Work instruction: From the entries below, transcribe exactly the lines between the line holding "For example (dummy" and the line holding "#1 large box [372,413,874,779]", inclusive; skip all other lines.

Dataset content:

**********

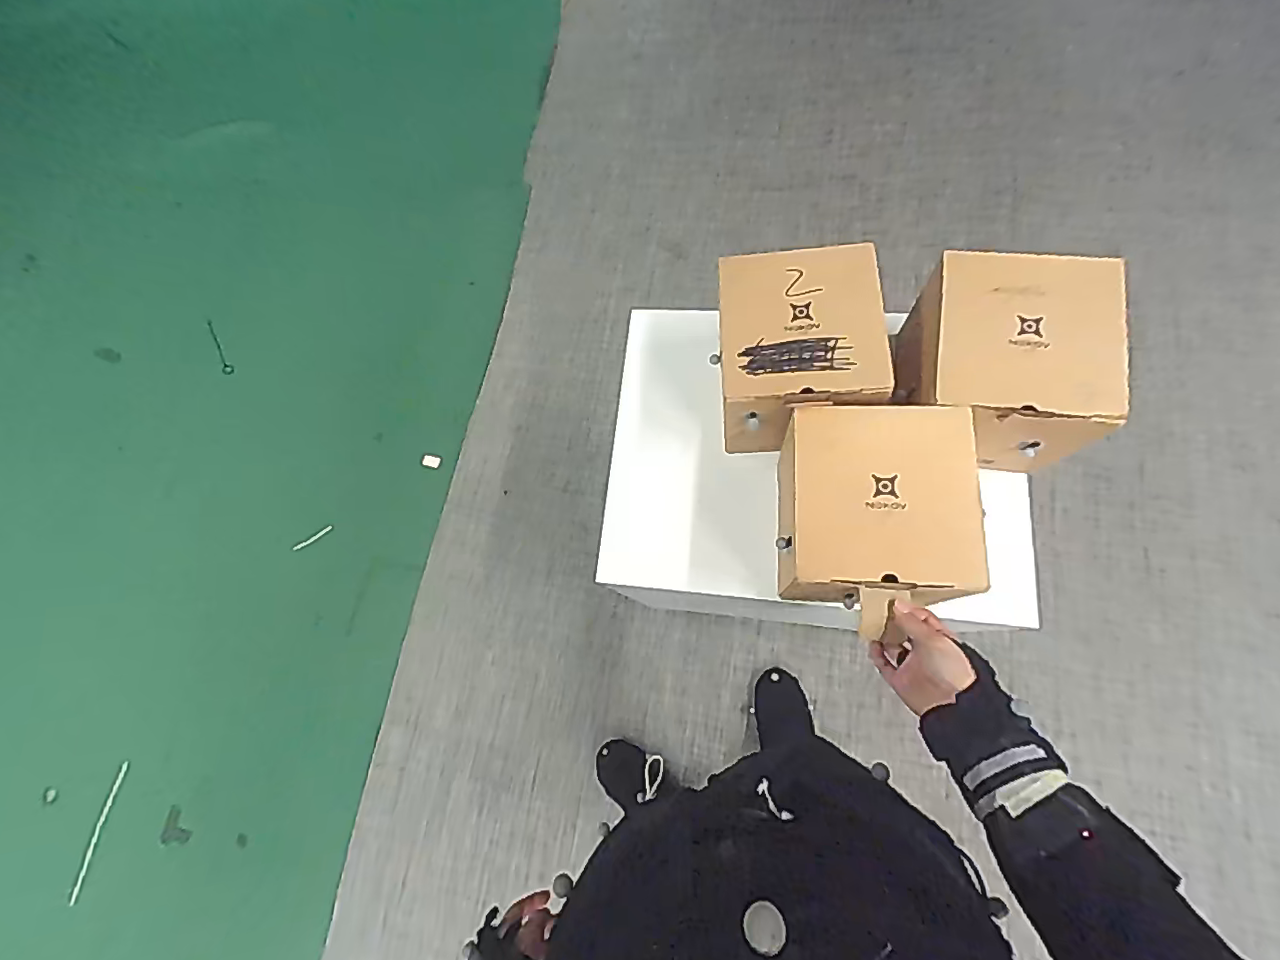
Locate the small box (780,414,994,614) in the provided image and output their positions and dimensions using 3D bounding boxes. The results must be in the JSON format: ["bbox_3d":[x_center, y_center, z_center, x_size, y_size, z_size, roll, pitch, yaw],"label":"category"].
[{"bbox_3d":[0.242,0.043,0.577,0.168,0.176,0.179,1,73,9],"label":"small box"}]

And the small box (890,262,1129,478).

**********

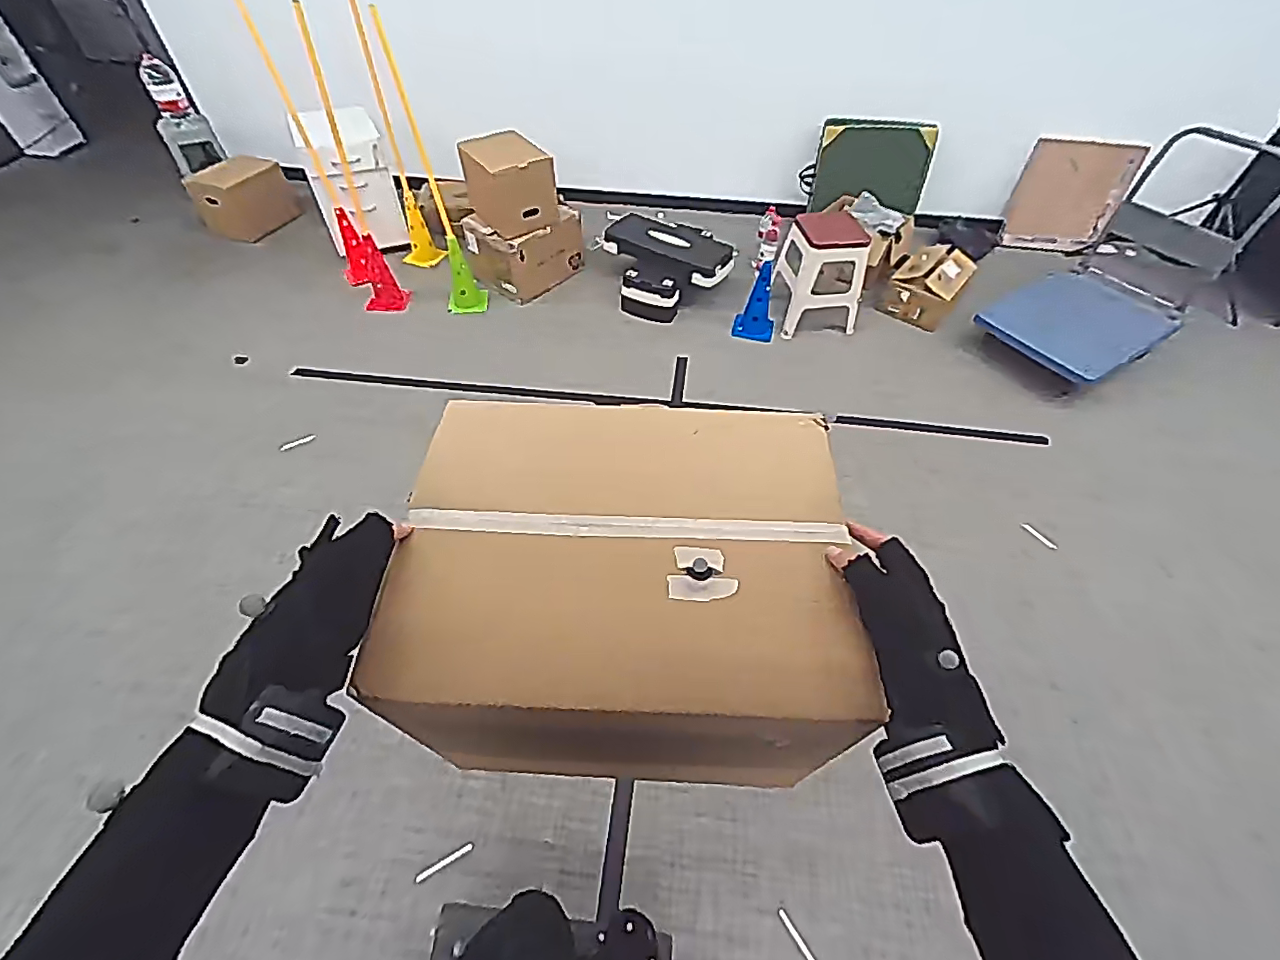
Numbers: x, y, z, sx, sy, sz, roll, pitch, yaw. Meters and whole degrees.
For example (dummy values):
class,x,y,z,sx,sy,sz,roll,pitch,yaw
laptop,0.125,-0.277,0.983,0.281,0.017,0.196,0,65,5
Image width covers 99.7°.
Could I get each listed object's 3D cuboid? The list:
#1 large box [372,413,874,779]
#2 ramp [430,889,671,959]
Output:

**********

Solution to the problem:
For example (dummy values):
class,x,y,z,sx,sy,sz,roll,pitch,yaw
laptop,0.125,-0.277,0.983,0.281,0.017,0.196,0,65,5
Image width covers 99.7°.
Could I get each listed object's 3D cuboid? The list:
#1 large box [372,413,874,779]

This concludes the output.